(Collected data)

<<<<

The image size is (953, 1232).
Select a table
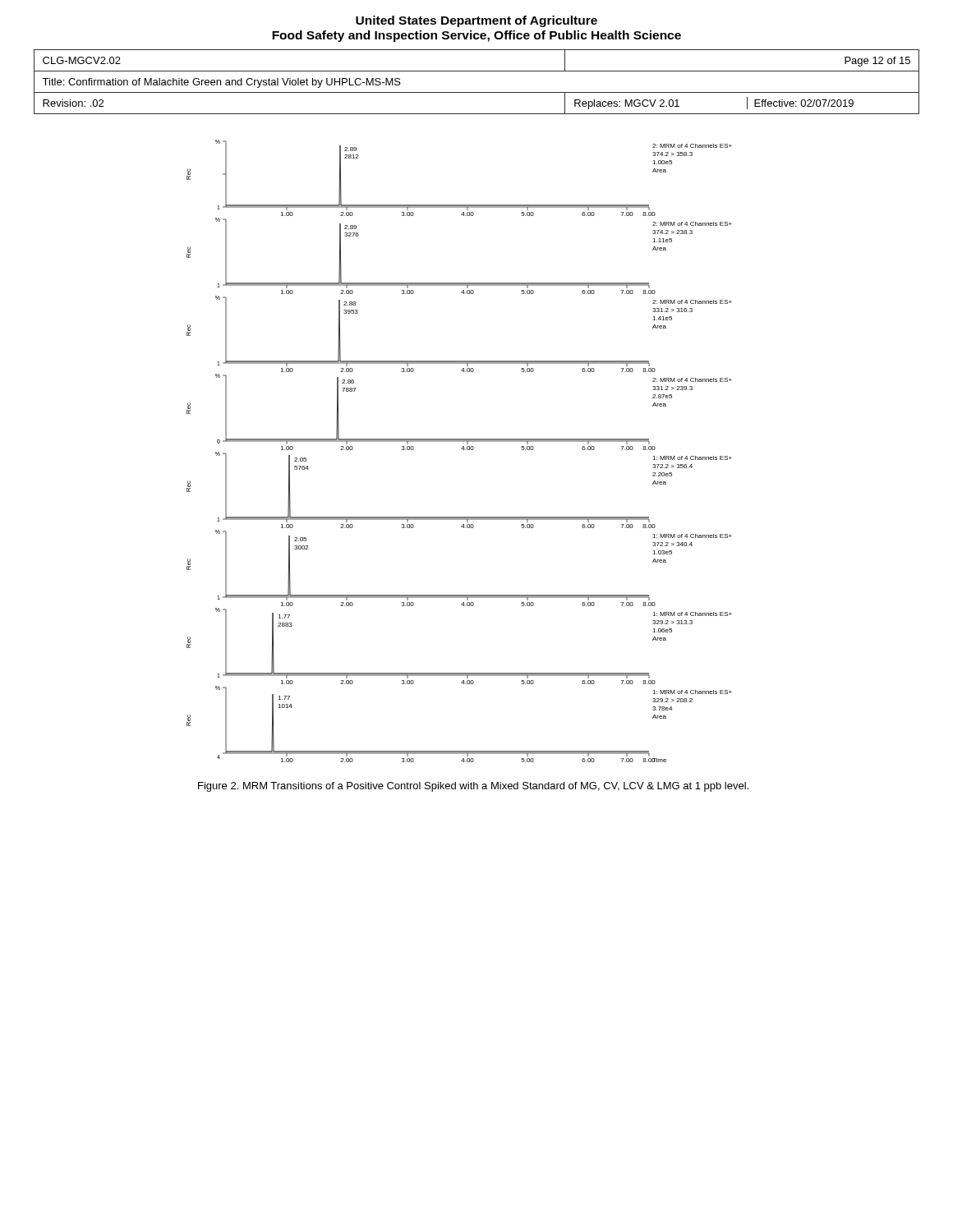476,82
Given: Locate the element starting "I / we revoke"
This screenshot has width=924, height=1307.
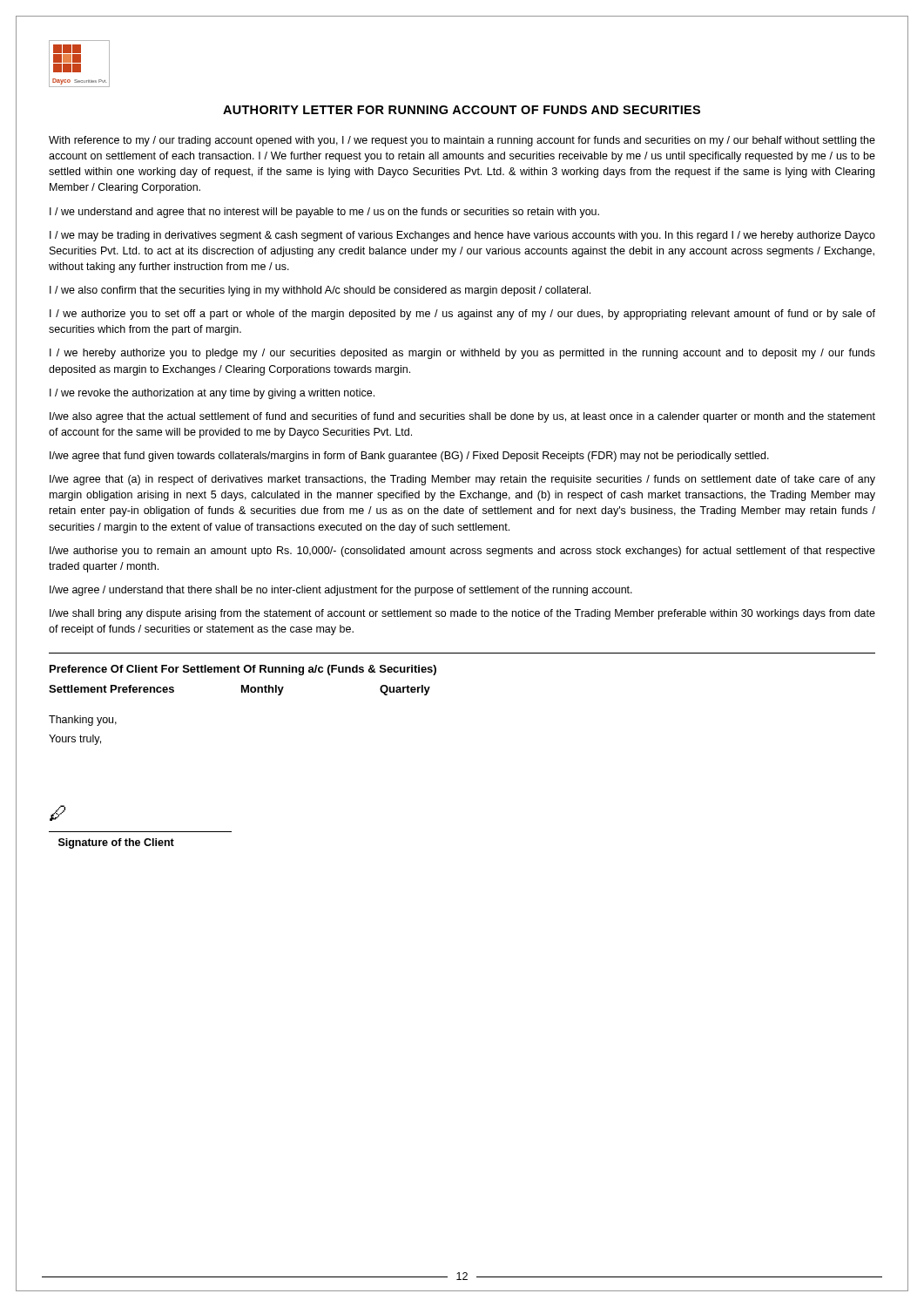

>>>>

Repeat every line above exactly, but omit all images.

§ RESPONSE TO THIS EXERCISE
The image size is (953, 1232).
Select a table
476,82
Given: Locate the element starting "I / we revoke"
This screenshot has width=924, height=1307.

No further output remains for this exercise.